- PROBLEM TO WORK ON: Set down exactly the lines from the one containing "Same again for the car [882,852,966,884]." through the last line of the records below, both included, and nothing else.
BEGIN DATA FOR ANALYSIS
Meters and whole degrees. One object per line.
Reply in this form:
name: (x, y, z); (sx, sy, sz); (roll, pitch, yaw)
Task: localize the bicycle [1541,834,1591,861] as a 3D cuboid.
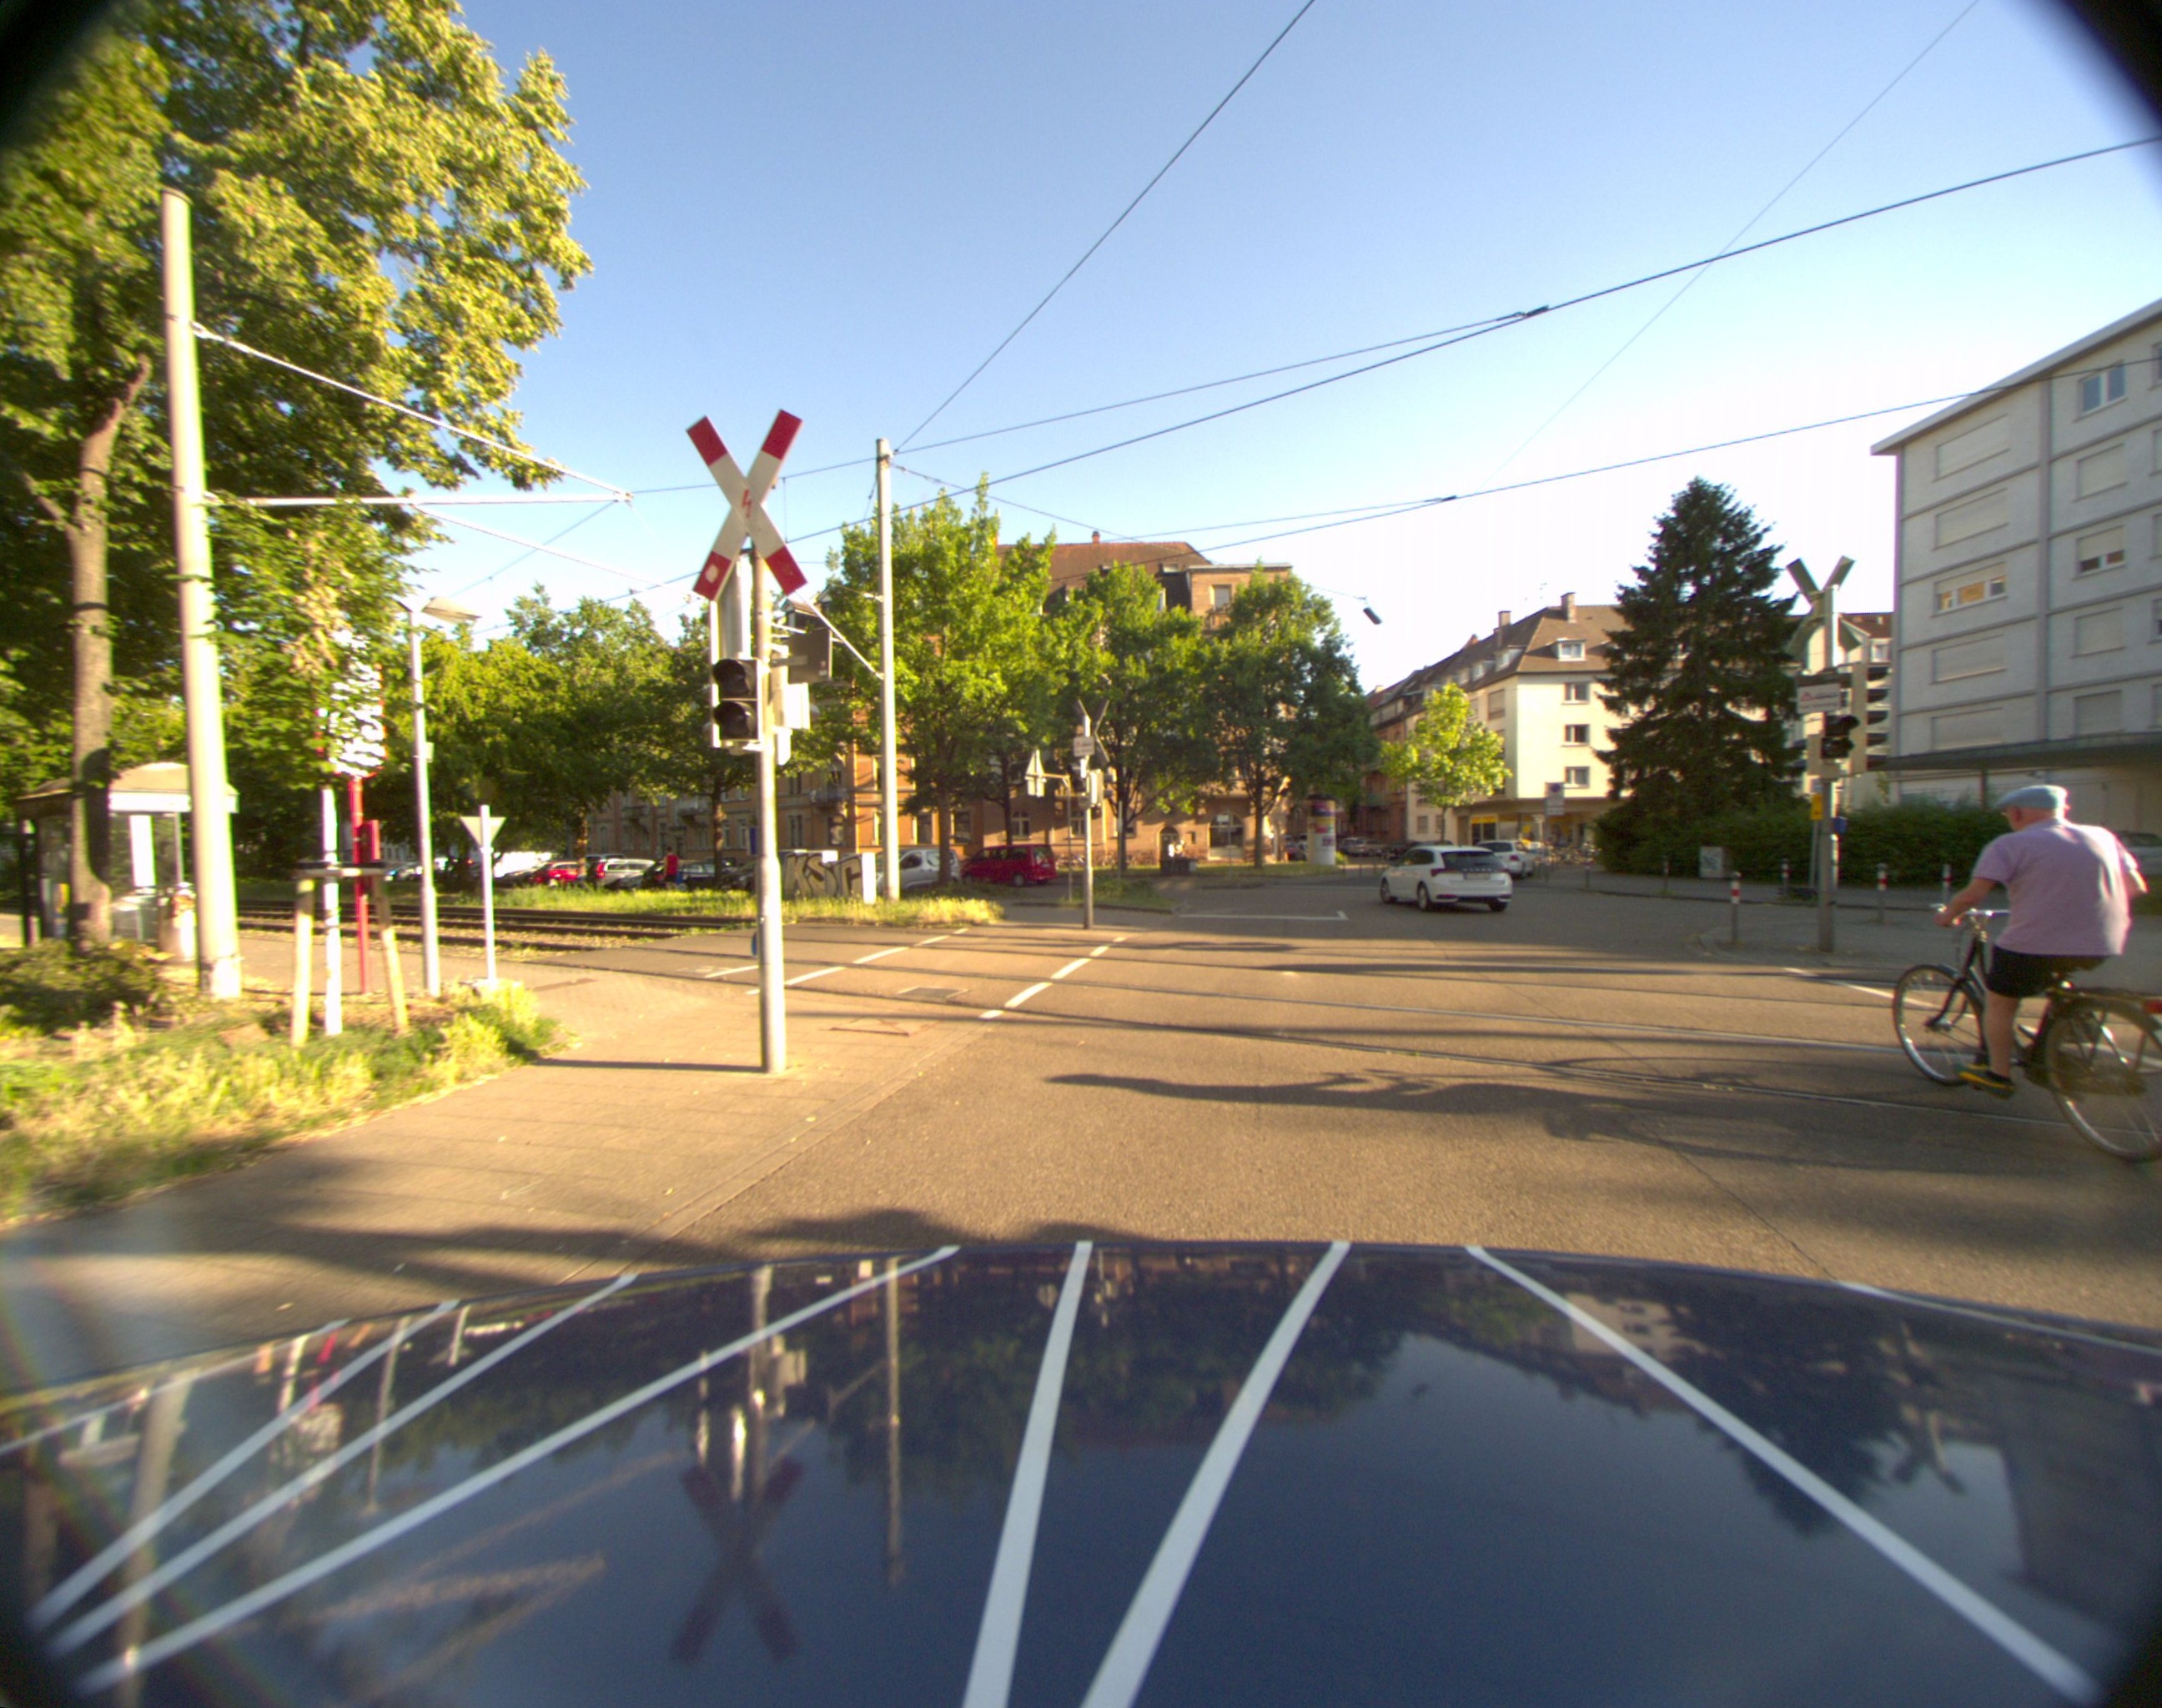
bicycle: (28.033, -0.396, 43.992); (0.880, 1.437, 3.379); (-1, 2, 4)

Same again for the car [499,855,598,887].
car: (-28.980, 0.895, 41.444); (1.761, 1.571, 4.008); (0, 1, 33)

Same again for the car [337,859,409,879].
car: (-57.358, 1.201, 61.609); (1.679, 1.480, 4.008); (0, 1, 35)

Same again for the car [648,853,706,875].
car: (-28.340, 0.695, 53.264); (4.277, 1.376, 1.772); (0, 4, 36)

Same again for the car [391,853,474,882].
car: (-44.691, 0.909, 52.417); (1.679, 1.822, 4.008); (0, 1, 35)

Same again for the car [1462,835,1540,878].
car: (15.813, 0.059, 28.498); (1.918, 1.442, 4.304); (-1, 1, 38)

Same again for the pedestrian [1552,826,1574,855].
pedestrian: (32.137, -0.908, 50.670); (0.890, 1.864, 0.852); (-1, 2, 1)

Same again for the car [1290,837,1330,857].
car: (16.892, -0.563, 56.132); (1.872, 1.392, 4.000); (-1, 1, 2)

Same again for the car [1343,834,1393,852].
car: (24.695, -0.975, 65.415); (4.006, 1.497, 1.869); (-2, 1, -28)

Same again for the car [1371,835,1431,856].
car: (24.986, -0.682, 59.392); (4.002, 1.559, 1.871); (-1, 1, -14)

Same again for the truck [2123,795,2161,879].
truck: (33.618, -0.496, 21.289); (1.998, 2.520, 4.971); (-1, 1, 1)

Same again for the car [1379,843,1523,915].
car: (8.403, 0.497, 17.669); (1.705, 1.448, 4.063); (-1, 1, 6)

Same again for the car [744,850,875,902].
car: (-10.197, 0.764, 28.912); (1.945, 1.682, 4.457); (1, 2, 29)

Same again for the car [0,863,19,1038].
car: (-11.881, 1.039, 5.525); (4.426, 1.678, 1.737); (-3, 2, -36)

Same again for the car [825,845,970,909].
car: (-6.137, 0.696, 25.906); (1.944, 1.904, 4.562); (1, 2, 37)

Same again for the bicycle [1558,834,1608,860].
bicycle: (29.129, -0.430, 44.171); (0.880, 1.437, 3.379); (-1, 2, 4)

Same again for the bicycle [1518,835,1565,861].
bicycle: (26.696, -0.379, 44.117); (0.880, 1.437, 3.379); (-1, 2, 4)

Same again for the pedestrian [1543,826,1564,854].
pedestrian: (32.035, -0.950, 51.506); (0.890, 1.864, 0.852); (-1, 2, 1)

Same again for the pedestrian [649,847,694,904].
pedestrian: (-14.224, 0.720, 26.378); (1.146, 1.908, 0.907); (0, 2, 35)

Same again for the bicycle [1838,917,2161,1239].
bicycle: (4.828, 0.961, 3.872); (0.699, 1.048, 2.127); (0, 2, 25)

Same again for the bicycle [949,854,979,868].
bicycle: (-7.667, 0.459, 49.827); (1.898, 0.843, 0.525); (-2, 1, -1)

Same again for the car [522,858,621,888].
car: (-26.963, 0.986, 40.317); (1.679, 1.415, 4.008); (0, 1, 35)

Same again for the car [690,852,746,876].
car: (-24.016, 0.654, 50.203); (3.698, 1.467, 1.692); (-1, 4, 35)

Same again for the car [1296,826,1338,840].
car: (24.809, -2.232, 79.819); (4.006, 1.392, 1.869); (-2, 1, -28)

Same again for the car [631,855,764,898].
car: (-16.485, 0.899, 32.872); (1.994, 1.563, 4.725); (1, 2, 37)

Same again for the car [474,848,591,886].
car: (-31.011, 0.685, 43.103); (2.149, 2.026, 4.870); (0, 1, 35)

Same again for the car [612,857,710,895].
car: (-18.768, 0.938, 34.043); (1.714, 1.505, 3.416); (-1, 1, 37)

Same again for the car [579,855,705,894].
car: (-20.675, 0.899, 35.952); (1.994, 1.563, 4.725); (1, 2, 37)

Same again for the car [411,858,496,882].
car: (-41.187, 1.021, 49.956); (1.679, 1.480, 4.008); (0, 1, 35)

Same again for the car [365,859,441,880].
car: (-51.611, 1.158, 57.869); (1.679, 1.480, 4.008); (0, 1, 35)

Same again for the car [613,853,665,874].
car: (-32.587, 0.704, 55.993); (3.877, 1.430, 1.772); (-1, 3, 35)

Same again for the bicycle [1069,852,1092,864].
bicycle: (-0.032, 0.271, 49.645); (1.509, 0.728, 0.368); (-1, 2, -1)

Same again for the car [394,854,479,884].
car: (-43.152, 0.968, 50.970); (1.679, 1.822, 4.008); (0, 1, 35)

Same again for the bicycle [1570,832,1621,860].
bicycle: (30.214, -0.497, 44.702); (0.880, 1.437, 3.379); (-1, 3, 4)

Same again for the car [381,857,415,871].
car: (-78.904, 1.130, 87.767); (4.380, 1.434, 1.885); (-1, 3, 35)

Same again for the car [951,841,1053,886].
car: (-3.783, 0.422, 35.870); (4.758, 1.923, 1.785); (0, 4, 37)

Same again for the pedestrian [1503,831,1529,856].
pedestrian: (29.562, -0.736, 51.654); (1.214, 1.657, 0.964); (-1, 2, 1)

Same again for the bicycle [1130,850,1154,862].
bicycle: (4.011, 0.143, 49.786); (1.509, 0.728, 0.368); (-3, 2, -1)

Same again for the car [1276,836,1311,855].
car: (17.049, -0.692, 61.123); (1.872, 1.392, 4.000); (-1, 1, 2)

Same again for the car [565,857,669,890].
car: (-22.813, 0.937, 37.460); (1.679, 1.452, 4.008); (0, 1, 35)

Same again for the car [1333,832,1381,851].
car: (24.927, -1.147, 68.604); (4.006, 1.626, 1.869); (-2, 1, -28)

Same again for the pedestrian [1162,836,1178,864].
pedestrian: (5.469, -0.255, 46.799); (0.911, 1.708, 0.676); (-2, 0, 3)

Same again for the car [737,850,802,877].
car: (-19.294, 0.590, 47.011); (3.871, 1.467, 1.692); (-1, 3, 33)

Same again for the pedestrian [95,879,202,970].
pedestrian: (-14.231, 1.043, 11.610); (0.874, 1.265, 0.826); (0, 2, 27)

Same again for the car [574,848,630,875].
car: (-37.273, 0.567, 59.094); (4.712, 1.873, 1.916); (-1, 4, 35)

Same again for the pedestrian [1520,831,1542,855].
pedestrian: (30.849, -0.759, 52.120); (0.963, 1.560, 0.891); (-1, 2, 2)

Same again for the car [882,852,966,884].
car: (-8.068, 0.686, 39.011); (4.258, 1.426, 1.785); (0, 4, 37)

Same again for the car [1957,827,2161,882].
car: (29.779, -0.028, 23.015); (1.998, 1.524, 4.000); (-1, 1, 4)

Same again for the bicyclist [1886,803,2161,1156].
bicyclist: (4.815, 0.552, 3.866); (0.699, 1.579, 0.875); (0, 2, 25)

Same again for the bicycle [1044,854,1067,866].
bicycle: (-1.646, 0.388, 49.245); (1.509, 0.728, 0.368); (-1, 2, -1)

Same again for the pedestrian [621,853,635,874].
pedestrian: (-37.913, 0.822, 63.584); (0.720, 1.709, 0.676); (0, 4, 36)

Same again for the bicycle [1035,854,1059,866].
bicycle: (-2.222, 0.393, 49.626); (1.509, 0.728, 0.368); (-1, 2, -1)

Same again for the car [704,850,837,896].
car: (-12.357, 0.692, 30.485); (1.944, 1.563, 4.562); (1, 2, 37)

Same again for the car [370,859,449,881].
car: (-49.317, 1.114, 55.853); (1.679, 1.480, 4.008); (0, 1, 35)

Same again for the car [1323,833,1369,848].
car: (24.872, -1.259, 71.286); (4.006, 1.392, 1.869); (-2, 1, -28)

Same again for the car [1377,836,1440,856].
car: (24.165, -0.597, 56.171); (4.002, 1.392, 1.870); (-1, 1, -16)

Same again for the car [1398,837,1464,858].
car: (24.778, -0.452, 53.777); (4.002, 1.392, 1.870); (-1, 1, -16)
END DATA FOR ANALYSIS
- TASK SOLUTION:
Same again for the car [882,852,966,884].
car: (-8.068, 0.686, 39.011); (4.258, 1.426, 1.785); (0, 4, 37)

Same again for the car [1957,827,2161,882].
car: (29.779, -0.028, 23.015); (1.998, 1.524, 4.000); (-1, 1, 4)

Same again for the bicyclist [1886,803,2161,1156].
bicyclist: (4.815, 0.552, 3.866); (0.699, 1.579, 0.875); (0, 2, 25)

Same again for the bicycle [1044,854,1067,866].
bicycle: (-1.646, 0.388, 49.245); (1.509, 0.728, 0.368); (-1, 2, -1)

Same again for the pedestrian [621,853,635,874].
pedestrian: (-37.913, 0.822, 63.584); (0.720, 1.709, 0.676); (0, 4, 36)

Same again for the bicycle [1035,854,1059,866].
bicycle: (-2.222, 0.393, 49.626); (1.509, 0.728, 0.368); (-1, 2, -1)

Same again for the car [704,850,837,896].
car: (-12.357, 0.692, 30.485); (1.944, 1.563, 4.562); (1, 2, 37)

Same again for the car [370,859,449,881].
car: (-49.317, 1.114, 55.853); (1.679, 1.480, 4.008); (0, 1, 35)

Same again for the car [1323,833,1369,848].
car: (24.872, -1.259, 71.286); (4.006, 1.392, 1.869); (-2, 1, -28)

Same again for the car [1377,836,1440,856].
car: (24.165, -0.597, 56.171); (4.002, 1.392, 1.870); (-1, 1, -16)

Same again for the car [1398,837,1464,858].
car: (24.778, -0.452, 53.777); (4.002, 1.392, 1.870); (-1, 1, -16)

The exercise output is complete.